Zheng Yongsen, Qin Jinghui, Wei Pengxu, Chen Ziliang, Lin Liang
IEEE Trans Neural Netw Learn Syst. 2024 Dec;35(12):17123-17136. doi: 10.1109/TNNLS.2023.3299929. Epub 2024 Dec 2.
Popularity bias, as a long-standing problem in recommender systems (RSs), has been fully considered and explored for offline recommendation systems in most existing relevant researches, but very few studies have paid attention to eliminate such bias in online interactive recommendation scenarios. Bias amplification will become increasingly serious over time due to the existence of feedback loop between the user and the interactive system. However, existing methods have only investigated the causal relations among different factors statically without considering temporal dependencies inherent in the online interactive recommendation system, making them difficult to be adapted to online settings. To address these problems, we propose a novel counterfactual interactive policy learning (CIPL) method to eliminate popularity bias for online recommendation. It first scrutinizes the causal relations in the interactive recommender models and formulates a novel temporal causal graph (TCG) to guide the training and counterfactual inference of the causal interactive recommendation system. Concretely, TCG is used to estimate the causal relations of item popularity on prediction score when the user interacts with the system at each time during model training. Besides, it is also used to remove the negative effect of popularity bias in the test stage. To train the causal interactive recommendation system, we formulated our CIPL by the actor-critic framework with an online interactive environment simulator. We conduct extensive experiments on three public benchmarks and the experimental results demonstrate that our proposed method can achieve the new state-of-the-art performance.
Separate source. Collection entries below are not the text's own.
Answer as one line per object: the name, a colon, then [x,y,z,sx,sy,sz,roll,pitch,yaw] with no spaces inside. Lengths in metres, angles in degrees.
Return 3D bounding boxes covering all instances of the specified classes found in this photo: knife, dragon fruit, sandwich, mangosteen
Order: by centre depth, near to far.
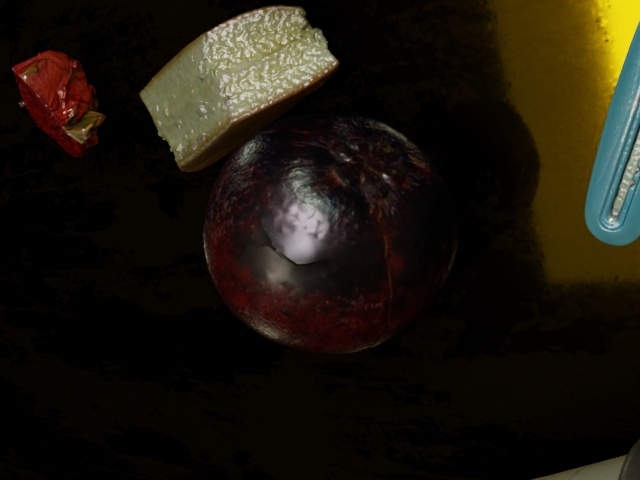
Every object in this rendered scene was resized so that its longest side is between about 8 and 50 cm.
knife: [0.240,-0.092,0.521,0.064,0.031,0.222,23,124,23]
mangosteen: [0.000,0.000,0.627,0.216,0.216,0.216,17,120,31]
sandwich: [-0.104,-0.139,0.725,0.258,0.096,0.094,-30,86,40]
dragon fruit: [-0.298,-0.162,0.873,0.106,0.083,0.162,47,158,-3]

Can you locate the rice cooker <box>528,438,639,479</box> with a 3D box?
rice cooker: [0.253,0.291,0.548,0.316,0.264,0.317,4,145,3]
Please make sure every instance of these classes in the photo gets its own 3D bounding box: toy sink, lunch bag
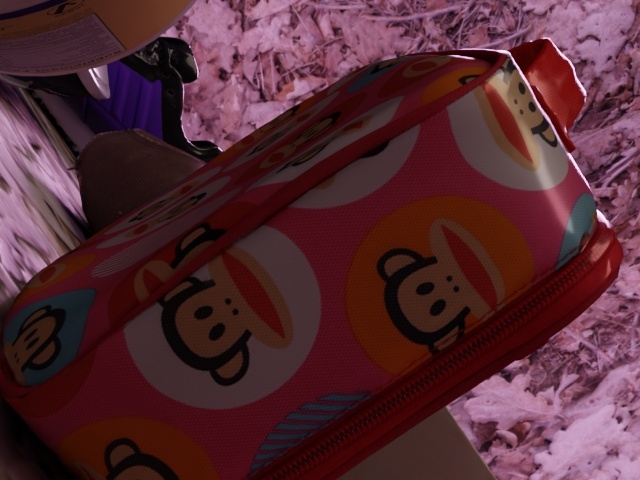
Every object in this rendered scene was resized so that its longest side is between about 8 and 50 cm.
[{"bbox_3d":[0.057,0.202,1.223,0.234,0.153,0.131,54,-1,-2],"label":"toy sink"},{"bbox_3d":[0.000,0.000,0.564,0.120,0.258,0.293,55,-1,-10],"label":"lunch bag"}]

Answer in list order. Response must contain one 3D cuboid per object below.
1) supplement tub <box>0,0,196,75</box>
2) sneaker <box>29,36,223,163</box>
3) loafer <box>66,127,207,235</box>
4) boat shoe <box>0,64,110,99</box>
[{"bbox_3d":[-0.161,-0.213,0.672,0.241,0.241,0.331,55,-1,-2],"label":"supplement tub"},{"bbox_3d":[-0.197,-0.162,1.227,0.293,0.146,0.102,56,-1,-17],"label":"sneaker"},{"bbox_3d":[-0.096,-0.011,1.065,0.130,0.134,0.366,55,-1,16],"label":"loafer"},{"bbox_3d":[-0.231,-0.172,0.988,0.302,0.091,0.114,69,6,-76],"label":"boat shoe"}]
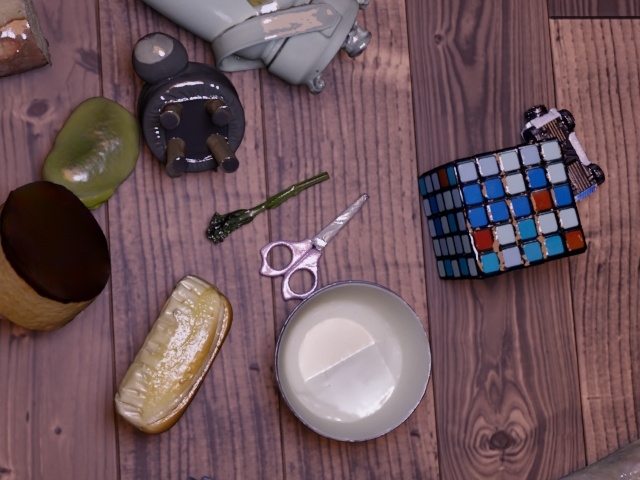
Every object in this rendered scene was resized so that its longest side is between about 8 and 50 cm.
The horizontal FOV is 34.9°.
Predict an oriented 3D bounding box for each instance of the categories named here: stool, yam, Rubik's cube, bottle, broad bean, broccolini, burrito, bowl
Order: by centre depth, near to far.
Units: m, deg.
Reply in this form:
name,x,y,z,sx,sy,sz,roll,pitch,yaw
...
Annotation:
name,x,y,z,sx,sy,sz,roll,pitch,yaw
yam,-0.522,-0.290,1.480,0.238,0.129,0.128,-16,123,-12
stool,-0.203,-0.185,1.489,0.153,0.139,0.228,-44,121,13
broad bean,-0.340,-0.127,1.517,0.124,0.082,0.174,37,79,-9
bottle,-0.098,-0.356,1.531,0.351,0.229,0.229,35,79,-9
bowl,0.038,0.182,1.539,0.237,0.126,0.238,1,84,-11
Rubik's cube,0.276,-0.044,1.580,0.182,0.187,0.184,-13,90,-13
broccolini,-0.080,-0.053,1.590,0.218,0.044,0.042,-24,74,-18
burrito,0.518,0.401,1.628,0.347,0.107,0.175,-23,76,-14

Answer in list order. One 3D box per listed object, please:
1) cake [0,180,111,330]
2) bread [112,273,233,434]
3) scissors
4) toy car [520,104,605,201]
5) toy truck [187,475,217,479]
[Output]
name,x,y,z,sx,sy,sz,roll,pitch,yaw
cake,-0.421,0.033,1.448,0.178,0.185,0.208,-23,115,28
bread,-0.210,0.167,1.485,0.106,0.140,0.236,28,80,-4
scissors,0.000,0.000,1.603,0.212,0.021,0.110,-44,91,-12
toy car,0.389,-0.144,1.668,0.080,0.070,0.171,-30,93,-12
toy truck,-0.120,0.416,1.502,0.192,0.092,0.083,24,80,-8
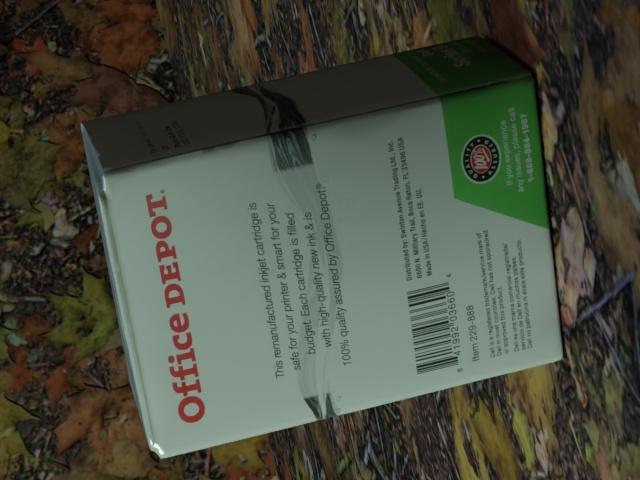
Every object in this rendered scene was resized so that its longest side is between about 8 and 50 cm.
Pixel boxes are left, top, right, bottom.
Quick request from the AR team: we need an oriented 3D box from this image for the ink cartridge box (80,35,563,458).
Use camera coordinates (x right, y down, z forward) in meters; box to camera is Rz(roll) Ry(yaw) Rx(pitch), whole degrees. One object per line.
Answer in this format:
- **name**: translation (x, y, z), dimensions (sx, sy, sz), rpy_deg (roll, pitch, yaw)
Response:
- **ink cartridge box**: translation (0.000, 0.000, 1.297), dimensions (0.121, 0.289, 0.211), rpy_deg (-125, 24, -65)
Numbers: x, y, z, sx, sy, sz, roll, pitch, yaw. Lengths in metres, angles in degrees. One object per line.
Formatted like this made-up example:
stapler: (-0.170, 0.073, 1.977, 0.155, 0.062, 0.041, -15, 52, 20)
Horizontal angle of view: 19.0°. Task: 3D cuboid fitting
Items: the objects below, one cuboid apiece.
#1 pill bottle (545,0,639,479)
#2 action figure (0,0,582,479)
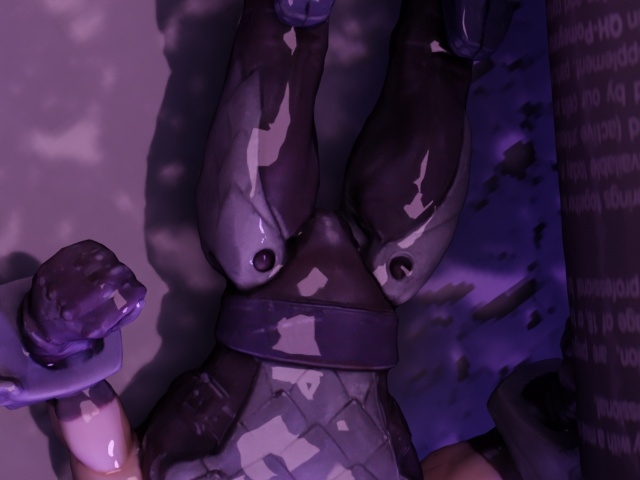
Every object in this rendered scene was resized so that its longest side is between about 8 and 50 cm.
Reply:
pill bottle: (0.140, -0.008, 0.416, 0.176, 0.176, 0.318, -5, 91, -14)
action figure: (0.000, 0.000, 0.490, 0.185, 0.099, 0.285, 8, 92, -27)
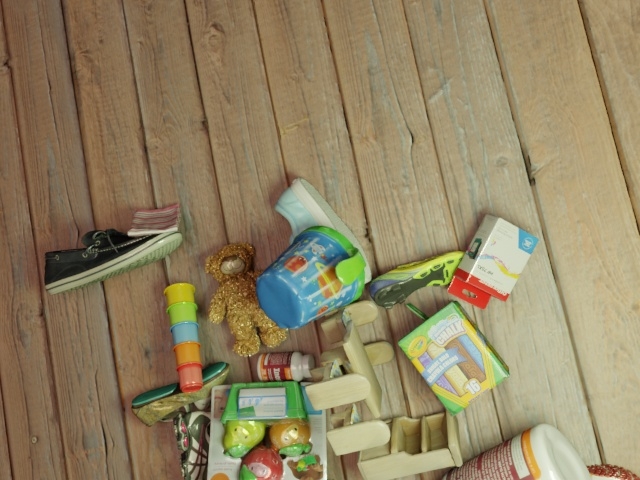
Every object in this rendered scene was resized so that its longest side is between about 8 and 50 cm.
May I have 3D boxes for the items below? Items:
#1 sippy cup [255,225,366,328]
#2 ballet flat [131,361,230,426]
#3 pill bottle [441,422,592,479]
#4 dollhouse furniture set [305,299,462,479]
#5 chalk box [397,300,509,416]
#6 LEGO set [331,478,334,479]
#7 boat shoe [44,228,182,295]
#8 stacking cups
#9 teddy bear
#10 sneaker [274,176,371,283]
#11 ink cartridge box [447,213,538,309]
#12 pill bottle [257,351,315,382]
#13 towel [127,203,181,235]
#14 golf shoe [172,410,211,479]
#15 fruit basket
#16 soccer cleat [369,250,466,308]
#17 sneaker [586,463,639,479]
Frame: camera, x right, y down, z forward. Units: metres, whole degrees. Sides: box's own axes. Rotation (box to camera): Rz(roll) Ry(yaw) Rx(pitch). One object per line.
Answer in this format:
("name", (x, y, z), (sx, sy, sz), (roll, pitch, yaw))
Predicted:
("sippy cup", (-0.040, 0.109, 1.613), (0.240, 0.224, 0.305), (39, 134, 18))
("ballet flat", (-0.399, 0.466, 1.859), (0.348, 0.123, 0.123), (-24, 80, 13))
("pill bottle", (0.431, 0.623, 1.499), (0.392, 0.224, 0.224), (-39, 76, 27))
("dollhouse furniture set", (0.171, 0.385, 1.570), (0.256, 0.362, 0.394), (-18, 107, 14))
("chalk box", (0.327, 0.269, 1.609), (0.179, 0.180, 0.289), (-38, 78, 11))
("LEGO set", (0.023, 0.828, 1.687), (0.255, 0.192, 0.331), (-31, 63, -6))
("boat shoe", (-0.656, 0.035, 1.924), (0.500, 0.187, 0.156), (-18, 87, 20))
("stacking cups", (-0.399, 0.281, 1.812), (0.096, 0.096, 0.316), (-22, 57, 14))
("teddy bear", (-0.221, 0.169, 1.818), (0.245, 0.113, 0.338), (-6, 85, 14))
("sneaker", (0.000, 0.000, 1.764), (0.150, 0.135, 0.366), (-42, 67, 18))
("ink cartridge box", (0.443, 0.065, 1.613), (0.134, 0.078, 0.231), (25, 94, -16))
("pill bottle", (-0.097, 0.361, 1.779), (0.152, 0.086, 0.086), (-7, 84, 17))
("towel", (-0.494, -0.061, 1.864), (0.144, 0.197, 0.029), (-8, 112, -6))
("golf shoe", (-0.357, 0.632, 1.827), (0.120, 0.105, 0.273), (-8, 104, -19))
("fruit basket", (-0.146, 0.558, 1.682), (0.327, 0.165, 0.353), (-2, 58, 4))
("soccer cleat", (0.265, 0.086, 1.689), (0.289, 0.121, 0.093), (-24, 123, 2))
("sneaker", (0.675, 0.607, 1.537), (0.225, 0.088, 0.093), (-10, 87, 25))
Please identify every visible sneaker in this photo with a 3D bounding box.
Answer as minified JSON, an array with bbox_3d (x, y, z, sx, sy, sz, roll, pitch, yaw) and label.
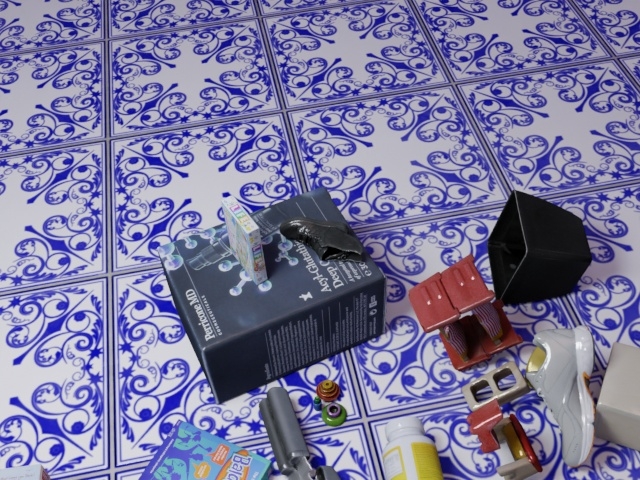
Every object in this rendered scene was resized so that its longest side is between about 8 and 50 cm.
[{"bbox_3d":[0.451,0.292,1.440,0.121,0.099,0.262,1,81,8],"label":"sneaker"},{"bbox_3d":[0.000,0.002,1.520,0.170,0.051,0.089,3,44,1],"label":"sneaker"}]

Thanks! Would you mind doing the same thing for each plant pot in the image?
[{"bbox_3d":[0.485,0.026,1.676,0.167,0.188,0.187,8,48,-7],"label":"plant pot"},{"bbox_3d":[0.454,0.262,1.528,0.083,0.081,0.081,-43,59,-15],"label":"plant pot"}]

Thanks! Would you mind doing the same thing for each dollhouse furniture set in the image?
[{"bbox_3d":[0.322,0.240,1.442,0.152,0.201,0.374,-30,48,11],"label":"dollhouse furniture set"}]

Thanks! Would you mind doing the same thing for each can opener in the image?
[{"bbox_3d":[-0.033,0.410,1.445,0.095,0.076,0.283,9,40,-33],"label":"can opener"}]

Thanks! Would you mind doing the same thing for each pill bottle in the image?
[{"bbox_3d":[0.169,0.421,1.385,0.103,0.103,0.184,-6,49,-2],"label":"pill bottle"}]

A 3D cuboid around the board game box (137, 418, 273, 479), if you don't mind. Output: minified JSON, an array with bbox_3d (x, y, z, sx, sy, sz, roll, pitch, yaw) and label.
[{"bbox_3d":[-0.218,0.447,1.422,0.210,0.047,0.160,19,52,18],"label":"board game box"}]

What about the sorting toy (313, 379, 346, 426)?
[{"bbox_3d":[0.015,0.320,1.524,0.061,0.042,0.102,-13,49,-8],"label":"sorting toy"}]

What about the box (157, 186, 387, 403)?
[{"bbox_3d":[-0.101,0.107,1.608,0.396,0.212,0.293,-22,51,-14],"label":"box"}]

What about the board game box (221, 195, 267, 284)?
[{"bbox_3d":[-0.146,0.001,1.460,0.026,0.154,0.103,-28,53,-19],"label":"board game box"}]

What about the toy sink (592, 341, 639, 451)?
[{"bbox_3d":[0.648,0.316,1.431,0.234,0.131,0.152,14,51,22],"label":"toy sink"}]

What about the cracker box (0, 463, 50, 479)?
[{"bbox_3d":[-0.581,0.529,1.360,0.156,0.067,0.232,-6,49,-3],"label":"cracker box"}]
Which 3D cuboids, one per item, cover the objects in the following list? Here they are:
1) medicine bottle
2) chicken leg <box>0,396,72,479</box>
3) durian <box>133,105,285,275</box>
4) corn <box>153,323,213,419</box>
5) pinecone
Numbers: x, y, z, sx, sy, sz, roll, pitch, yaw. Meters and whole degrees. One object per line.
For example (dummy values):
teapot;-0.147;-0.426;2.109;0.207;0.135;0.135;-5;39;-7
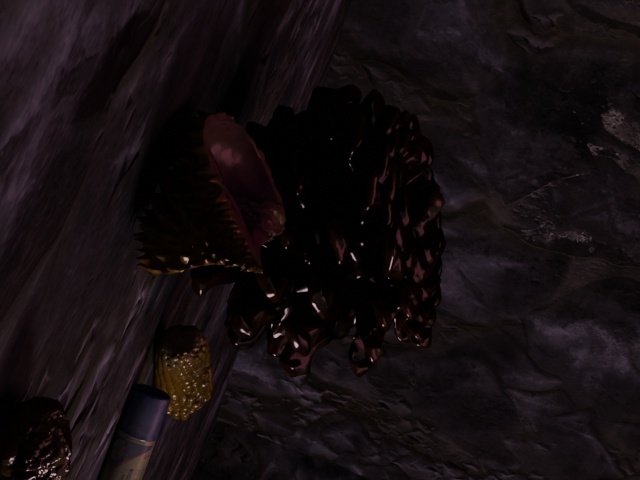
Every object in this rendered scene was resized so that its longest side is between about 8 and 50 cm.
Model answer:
medicine bottle;-0.279;0.322;1.946;0.059;0.059;0.230;-55;165;-83
chicken leg;-0.254;0.186;1.196;0.198;0.069;0.085;129;-40;-73
durian;-0.118;-0.053;1.455;0.260;0.154;0.186;20;68;-83
corn;-0.212;0.201;2.085;0.320;0.097;0.097;103;8;-68
pinecone;0.000;0.000;1.816;0.398;0.398;0.397;21;90;-88
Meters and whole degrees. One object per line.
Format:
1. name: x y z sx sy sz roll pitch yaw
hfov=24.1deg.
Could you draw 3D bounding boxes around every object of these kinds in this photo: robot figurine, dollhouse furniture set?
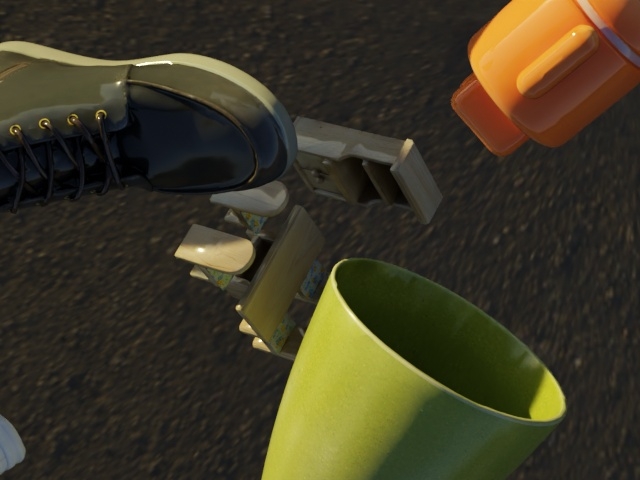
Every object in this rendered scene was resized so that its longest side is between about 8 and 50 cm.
1. robot figurine: 0.215 -0.168 1.285 0.219 0.158 0.128 -40 56 24
2. dollhouse furniture set: 0.000 0.000 1.650 0.161 0.212 0.242 16 66 33

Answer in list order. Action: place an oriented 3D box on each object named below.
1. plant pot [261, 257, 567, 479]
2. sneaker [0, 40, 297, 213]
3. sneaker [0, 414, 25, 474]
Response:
1. plant pot: 0.061 0.216 1.551 0.275 0.275 0.293 32 108 5
2. sneaker: -0.129 -0.045 0.819 0.222 0.118 0.083 9 126 28
3. sneaker: -0.376 0.207 1.431 0.212 0.094 0.080 -10 114 48
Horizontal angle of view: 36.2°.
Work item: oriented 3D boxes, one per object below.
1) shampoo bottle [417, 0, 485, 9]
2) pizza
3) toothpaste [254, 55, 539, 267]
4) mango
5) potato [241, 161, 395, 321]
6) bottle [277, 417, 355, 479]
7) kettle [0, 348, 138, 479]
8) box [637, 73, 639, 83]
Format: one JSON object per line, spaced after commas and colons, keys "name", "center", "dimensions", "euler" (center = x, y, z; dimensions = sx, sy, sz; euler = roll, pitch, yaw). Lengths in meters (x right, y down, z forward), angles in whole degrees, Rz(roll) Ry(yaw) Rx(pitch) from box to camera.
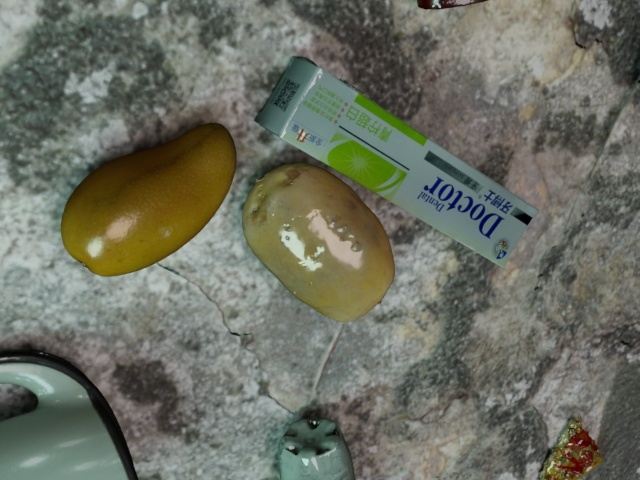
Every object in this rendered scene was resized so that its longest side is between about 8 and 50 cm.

流行度偏差作为推荐系统(RS)中一个长期存在的问题,在大多数现有相关研究中已针对离线推荐系统进行了充分考虑和探索,但很少有研究关注在在线交互推荐场景中消除这种偏差。由于用户与交互系统之间存在反馈回路,随着时间的推移,偏差放大将变得越来越严重。然而,现有方法仅静态地研究了不同因素之间的因果关系,而没有考虑在线交互推荐系统中固有的时间依赖性,这使得它们难以适用于在线环境。为了解决这些问题,我们提出了一种新颖的反事实交互策略学习(CIPL)方法来消除在线推荐中的流行度偏差。它首先仔细研究交互推荐模型中的因果关系,并构建一个新颖的时间因果图(TCG)来指导因果交互推荐系统的训练和反事实推理。具体而言,在模型训练期间,当用户每次与系统交互时,TCG用于估计项目流行度对预测分数的因果关系。此外,它还用于在测试阶段消除流行度偏差的负面影响。为了训练因果交互推荐系统,我们通过带有在线交互环境模拟器的演员-评论家框架来制定我们 的CIPL。我们在三个公共基准上进行了广泛的实验,实验结果表明我们提出的方法可以实现新的最优性能。